Low cost winter pasture improvers

AG ADVICE - May 2021

Phil Cranney - Senior Land Services Officer, Pastures

There are many ways to improve your pasture this winter. The high cost option of re-sowing a pasture doesn’t always have to be the binary option for farmers. With pasture establishment costs running between $350-$450/Ha, depending on preparation and seed costs, it is now often matched by the opportunity cost of not using those hectares to derive an income while waiting for the pasture to establish.

If we take a paddock out of production in August 2020 with a knockdown herbicide to stop weeds from seeding and to retain soil moisture, then we are potentially looking at a 12 month non-graze period before we can graze the new pasture in August 2021. Assuming a $40/DSE profit at a stocking rate of 10DSE/Ha, then the opportunity cost of $400 is added to the pasture establishment cost of approximately $400/Ha, bring to whole re-sowing pasture proposition around the $800/Ha.

So before ripping up a paddock and re-sowing, please consider doing some objective measurements first to ascertain what percentages of desirable perennial grasses, legumes, annuals, and non-desirable weeds make up your pasture base of any particular paddock.

The ideal pasture has 60-70% productive perennial grass, 20-40% legumes, <10% annual grass weeds and <10% annual broadleaf weeds and no perennial weed species. Therefore, the further away your paddock is away from these desirable species benchmarks, then the less chance you have to manipulate your pasture back to full production without re-sowing.
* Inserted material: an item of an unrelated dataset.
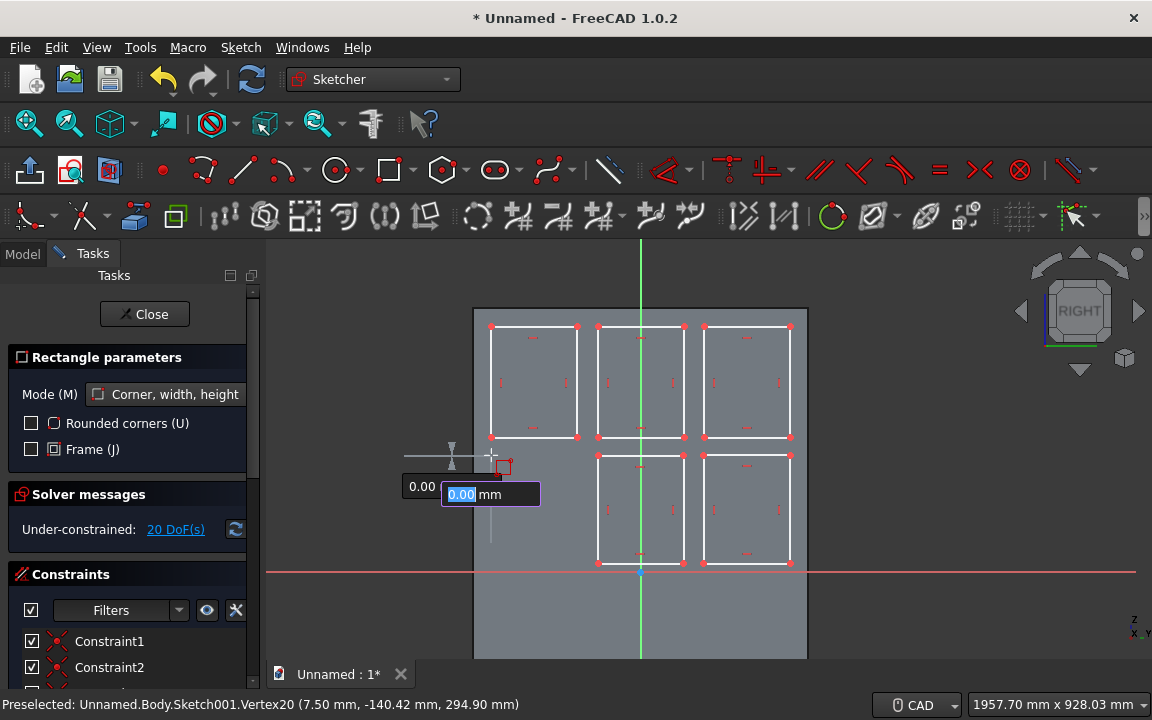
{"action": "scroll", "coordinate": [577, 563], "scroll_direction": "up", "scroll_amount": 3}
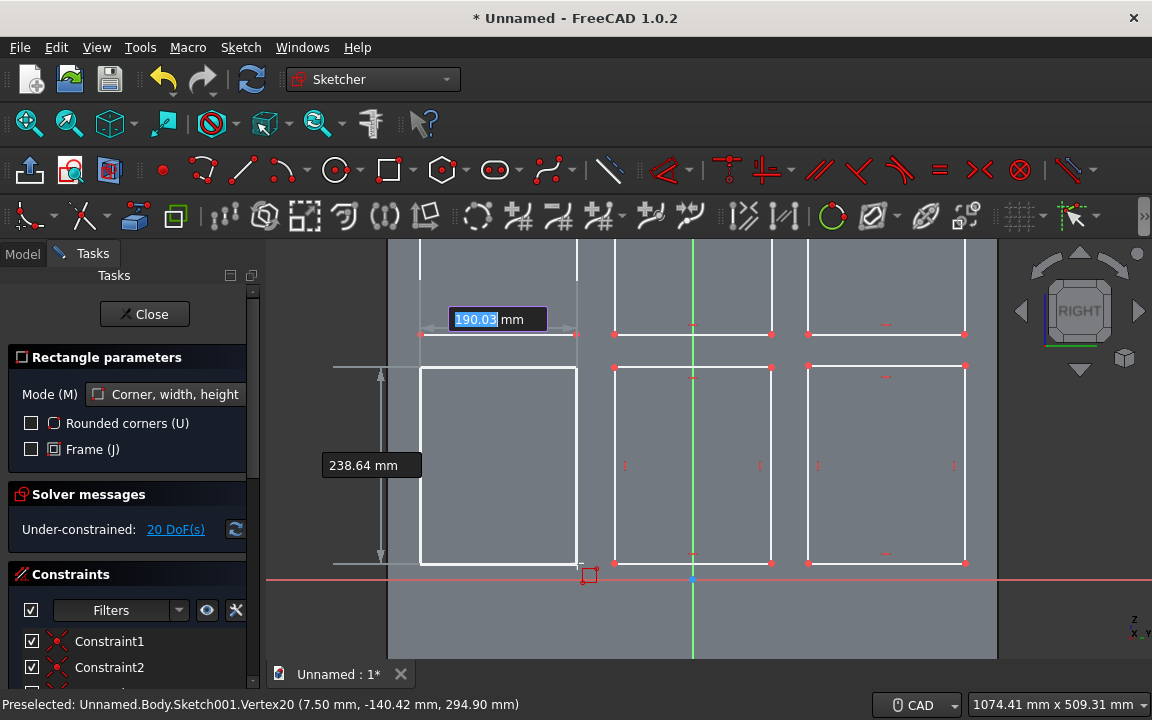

Therefore if your perennial grass pasture composition is still at 40-50%, you have many more financially viable options to manipulate rather than re-sow.

My top 8 pasture manipulation options for 2021 cool season pastures are as follows:

  1. Ensure sub-clover has access to adequate sunlight at germination – graze or slash.
  2. Improve the soil fertility – “don’t guess, do a test”.
  3. Control broadleaf weeds early and often (at rosette stage) – remove excess pasture residue to improve herbicide contact with the target weeds.
  4. Use winter clean methods to remove problem annual grass weeds, such as vulpia – appropriate use of Simazine to remove silver grass (vulpia) from a productive pasture.
  5. Weed wipers can be used to great effect after grazing to clean up un-grazed weeds such as thistles in productive pastures.
  6. Spray graze -  sub lethal dose of a hormone based herbicide 6-8 weeks after germination of cape weed and thistles, followed by high density grazing to remove the growth points.
  7. Spray-topping to reduce viable weed seed set – less reliable and difficult to get timing right
  8. High-intensity grazing to help synchronise non-desirable annual grass weed heading – this can help improve the spray graze and spray-topping methods efficacy.

The most under-utilised low-cost pasture improver, in my opinion, is the winter clean. There is no better year to sacrifice a small amount of winter feed if it leads to better control of un-productive less desirable winter grass weeds such as silver grass (vulpia).

Remember to always ask your local commercial agronomist for advice and to adhere to the label directions for herbicides.